__WHAT NEEDS TO BE DONE__. Skip the pictures, please, and write out exactly every line from the one containing "Format example (made" through the end of the listing below.

__GIVEN ENTRIES__.
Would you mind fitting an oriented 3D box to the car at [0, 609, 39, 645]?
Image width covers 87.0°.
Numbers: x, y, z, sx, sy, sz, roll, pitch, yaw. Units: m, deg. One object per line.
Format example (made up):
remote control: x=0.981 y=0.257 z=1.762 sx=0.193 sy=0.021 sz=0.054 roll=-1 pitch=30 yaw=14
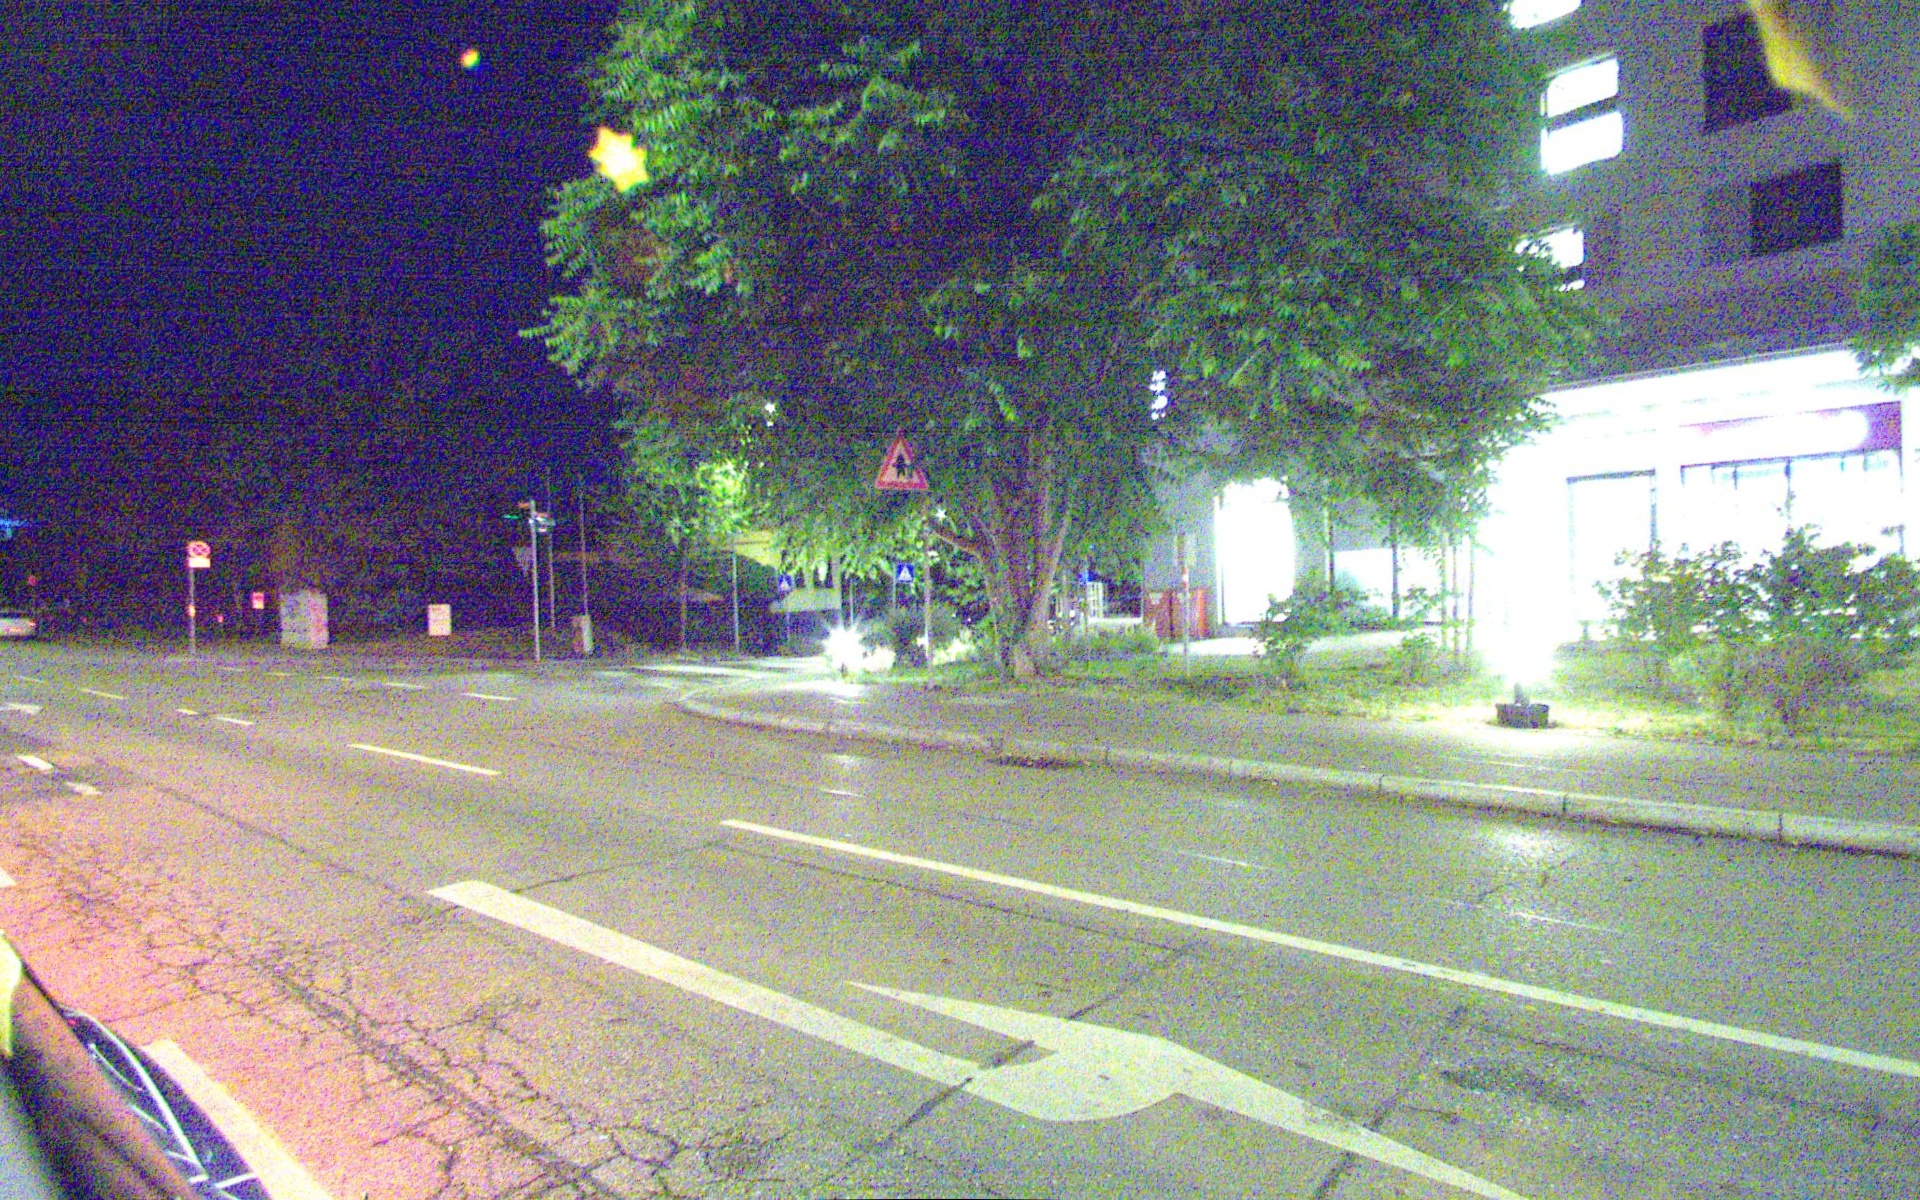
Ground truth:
car: x=-43.271 y=1.208 z=45.812 sx=3.998 sy=1.464 sz=1.887 roll=1 pitch=2 yaw=41

__ANSWER TO THIS PROBLEM__.
Format example (made up):
remote control: x=0.981 y=0.257 z=1.762 sx=0.193 sy=0.021 sz=0.054 roll=-1 pitch=30 yaw=14
Ground truth:
car: x=-43.271 y=1.208 z=45.812 sx=3.998 sy=1.464 sz=1.887 roll=1 pitch=2 yaw=41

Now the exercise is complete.